When all this first happened and for the entire 5 months, friends leaped to my assistance. I had more visitors than I knew what to do with. 🙂 I felt loved. Now that things are going back to my version of normal with Lupus, I fear being left and yet I know the fear is unfounded. My friends love me and I know it, and I know that they were there for me before all this happened. But there's this fear that all the love and attention is going to stop, and I'll fade right into the background and be forgotten. I like the feeling of being loved. It's not entirely new but its new enough that with a taste of it I don't want to let it go.
My heart is broken by grief associated with losing a part of me. It's a big deal. Even though I'll walk again there is a huge deficit felt. It's what it must feel like to go to war and come back without part of yourself. I've fought wars all my life.

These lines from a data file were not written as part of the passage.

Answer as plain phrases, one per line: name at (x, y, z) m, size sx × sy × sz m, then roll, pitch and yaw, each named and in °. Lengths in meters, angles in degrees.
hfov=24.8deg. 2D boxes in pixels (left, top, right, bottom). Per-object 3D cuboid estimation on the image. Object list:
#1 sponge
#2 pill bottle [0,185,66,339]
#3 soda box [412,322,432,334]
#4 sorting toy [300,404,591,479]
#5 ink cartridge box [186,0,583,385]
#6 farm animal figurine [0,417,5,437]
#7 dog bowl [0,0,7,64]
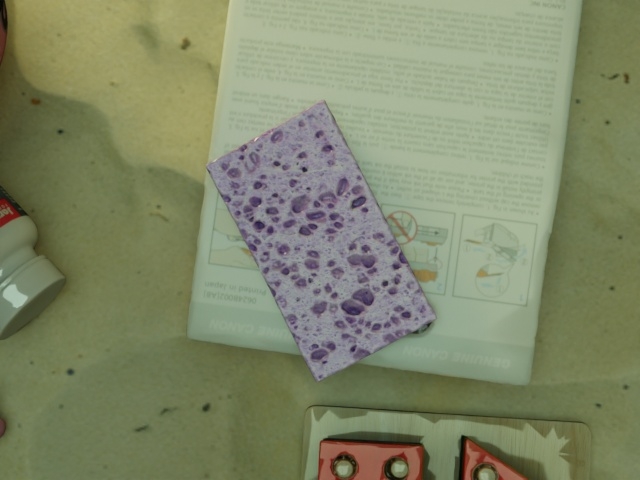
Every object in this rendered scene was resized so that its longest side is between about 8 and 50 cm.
sponge at (0.000, 0.000, 1.228) m, size 0.117 × 0.031 × 0.210 m, roll -27°, pitch 88°, yaw 1°
pill bottle at (-0.315, -0.004, 1.288) m, size 0.108 × 0.108 × 0.180 m, roll -44°, pitch 86°, yaw -1°
soda box at (0.045, 0.074, 1.295) m, size 0.168 × 0.053 × 0.060 m, roll 8°, pitch 86°, yaw 3°
sorting toy at (0.105, 0.280, 1.258) m, size 0.255 × 0.089 × 0.257 m, roll 3°, pitch 85°, yaw 2°
ink cartridge box at (0.059, -0.082, 1.292) m, size 0.308 × 0.091 × 0.385 m, roll 8°, pitch 87°, yaw 3°
farm animal figurine at (-0.410, 0.257, 1.239) m, size 0.326 × 0.172 × 0.330 m, roll -29°, pitch 85°, yaw 0°
dog bowl at (-0.443, -0.170, 1.205) m, size 0.407 × 0.150 × 0.408 m, roll -12°, pitch 50°, yaw 14°
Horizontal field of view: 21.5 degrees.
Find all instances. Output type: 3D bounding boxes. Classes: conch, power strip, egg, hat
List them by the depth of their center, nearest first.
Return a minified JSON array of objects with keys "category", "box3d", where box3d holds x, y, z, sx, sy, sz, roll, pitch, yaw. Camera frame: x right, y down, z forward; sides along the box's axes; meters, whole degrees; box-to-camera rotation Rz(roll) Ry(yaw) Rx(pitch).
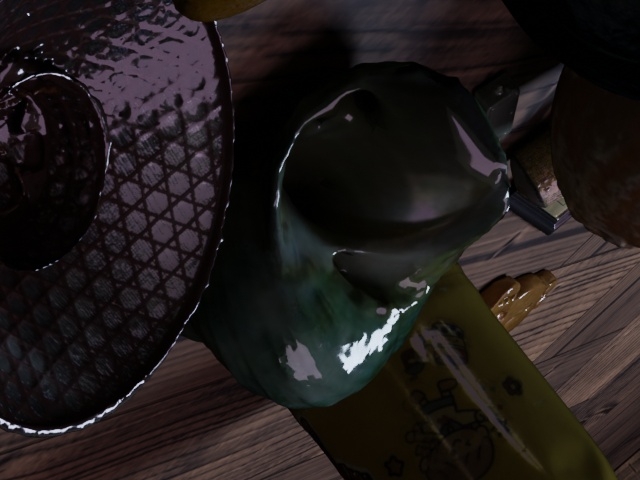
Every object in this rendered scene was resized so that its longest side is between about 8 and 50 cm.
[{"category":"hat","box3d":[-0.117,-0.027,0.648,0.193,0.082,0.193,-34,130,-52]},{"category":"conch","box3d":[0.001,-0.003,0.863,0.188,0.122,0.176,-37,142,-7]},{"category":"egg","box3d":[0.242,-0.085,1.004,0.233,0.195,0.195,-29,166,19]},{"category":"power strip","box3d":[0.107,-0.079,1.040,0.027,0.017,0.083,-35,163,-11]}]

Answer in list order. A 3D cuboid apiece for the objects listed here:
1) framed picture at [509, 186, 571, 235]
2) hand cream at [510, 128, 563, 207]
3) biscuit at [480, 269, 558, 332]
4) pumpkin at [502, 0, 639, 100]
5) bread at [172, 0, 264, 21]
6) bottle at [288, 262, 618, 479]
[{"category":"framed picture","box3d":[0.231,-0.078,1.303,0.199,0.010,0.195,-40,163,10]},{"category":"hand cream","box3d":[0.222,-0.086,1.160,0.203,0.084,0.084,-33,163,3]},{"category":"biscuit","box3d":[0.139,0.079,1.505,0.133,0.027,0.184,-46,161,22]},{"category":"pumpkin","box3d":[0.192,-0.146,0.646,0.248,0.248,0.248,-33,163,-12]},{"category":"bread","box3d":[-0.004,-0.143,0.568,0.140,0.069,0.128,-31,163,-16]},{"category":"bottle","box3d":[0.132,0.195,1.236,0.171,0.351,0.171,-33,162,-12]}]
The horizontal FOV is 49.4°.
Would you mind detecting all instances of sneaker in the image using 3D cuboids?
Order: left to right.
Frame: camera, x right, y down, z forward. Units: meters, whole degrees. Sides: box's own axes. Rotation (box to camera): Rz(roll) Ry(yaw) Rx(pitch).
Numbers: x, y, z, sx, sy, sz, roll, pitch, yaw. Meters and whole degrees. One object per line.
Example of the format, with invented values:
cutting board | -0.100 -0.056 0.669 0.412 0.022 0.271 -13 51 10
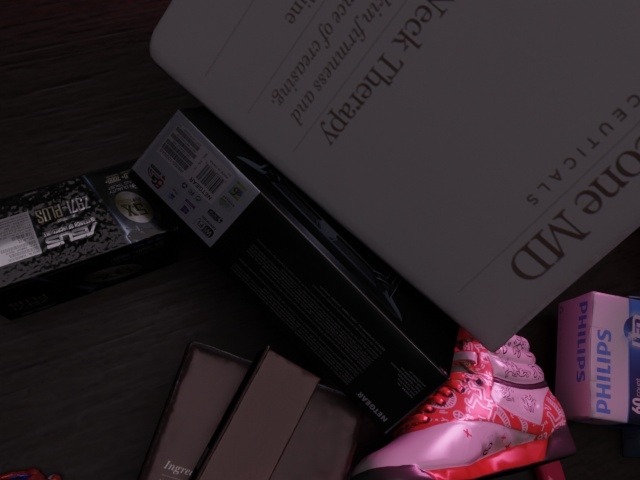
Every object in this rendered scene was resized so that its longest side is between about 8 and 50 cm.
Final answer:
sneaker | 0.122 0.160 0.669 0.270 0.090 0.145 1 61 -34

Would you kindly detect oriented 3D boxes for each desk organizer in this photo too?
desk organizer | -0.054 0.153 0.542 0.050 0.047 0.130 30 72 -5

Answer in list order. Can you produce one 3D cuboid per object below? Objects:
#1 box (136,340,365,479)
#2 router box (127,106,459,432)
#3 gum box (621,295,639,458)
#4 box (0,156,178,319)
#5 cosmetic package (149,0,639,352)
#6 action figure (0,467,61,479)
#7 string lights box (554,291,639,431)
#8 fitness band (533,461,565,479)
box | -0.079 0.220 0.633 0.166 0.168 0.203 20 73 -6
router box | 0.000 0.000 0.671 0.309 0.243 0.081 45 110 2
gum box | 0.433 0.164 0.826 0.156 0.041 0.185 5 74 -10
box | -0.234 0.002 0.666 0.180 0.147 0.078 -20 81 -17
cosmetic package | 0.138 -0.194 0.639 0.393 0.329 0.327 41 29 1
action figure | -0.304 0.242 0.655 0.115 0.030 0.038 -14 75 -17
string lights box | 0.395 0.147 0.760 0.259 0.077 0.134 11 74 -7
fitness band | 0.163 0.316 0.727 0.208 0.054 0.291 17 72 -5
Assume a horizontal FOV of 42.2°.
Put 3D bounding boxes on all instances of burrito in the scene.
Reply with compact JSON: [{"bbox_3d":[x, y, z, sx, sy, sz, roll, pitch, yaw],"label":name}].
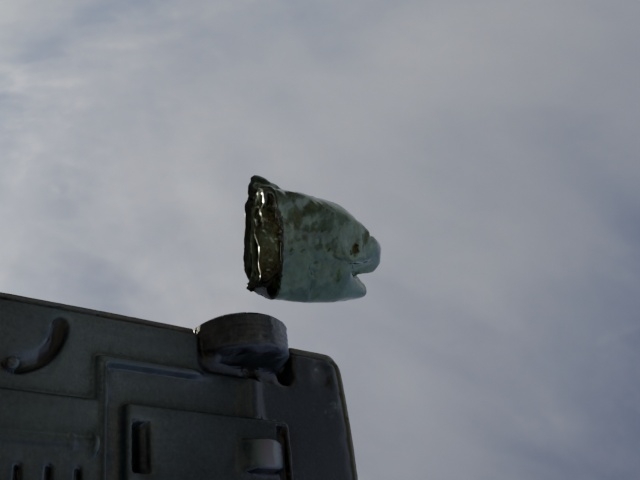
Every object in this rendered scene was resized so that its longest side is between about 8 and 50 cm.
[{"bbox_3d":[0.000,0.004,0.526,0.044,0.074,0.118,-5,170,42],"label":"burrito"}]

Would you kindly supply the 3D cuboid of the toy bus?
[{"bbox_3d":[-0.126,0.107,0.373,0.290,0.157,0.139,15,-125,-38],"label":"toy bus"}]
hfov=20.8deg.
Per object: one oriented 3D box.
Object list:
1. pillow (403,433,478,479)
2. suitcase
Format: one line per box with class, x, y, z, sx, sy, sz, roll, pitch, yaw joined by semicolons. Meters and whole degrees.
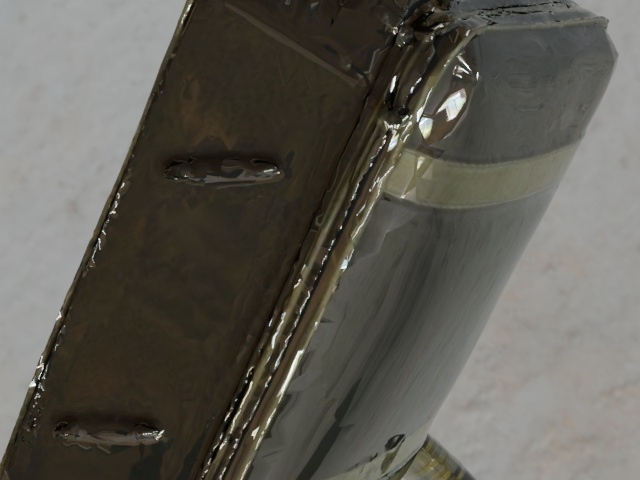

It's going to take a while to settle my heart concerning recent events. It's going to take a while to feel like I can breathe. Right now I'm so close to the events that I'm waiting for the other shoe to fall. I'm waiting for blood work to come back and say I've got to go inpatient. I'm waiting for my legs to go numb, for my leg to swell and show I have another blood clot. I'm waiting to hear the words, "We've done what we can do." There's still fear that it's going to happen again. Lupus is a ticking time bomb!
I know I'll move on. I know I'll heal emotionally, but I have many fears right now, fears I can't deal with alone. Physically my friends have my back. They were on it but now we move into what they can not see. I just hope they don't forget to look past skin deep.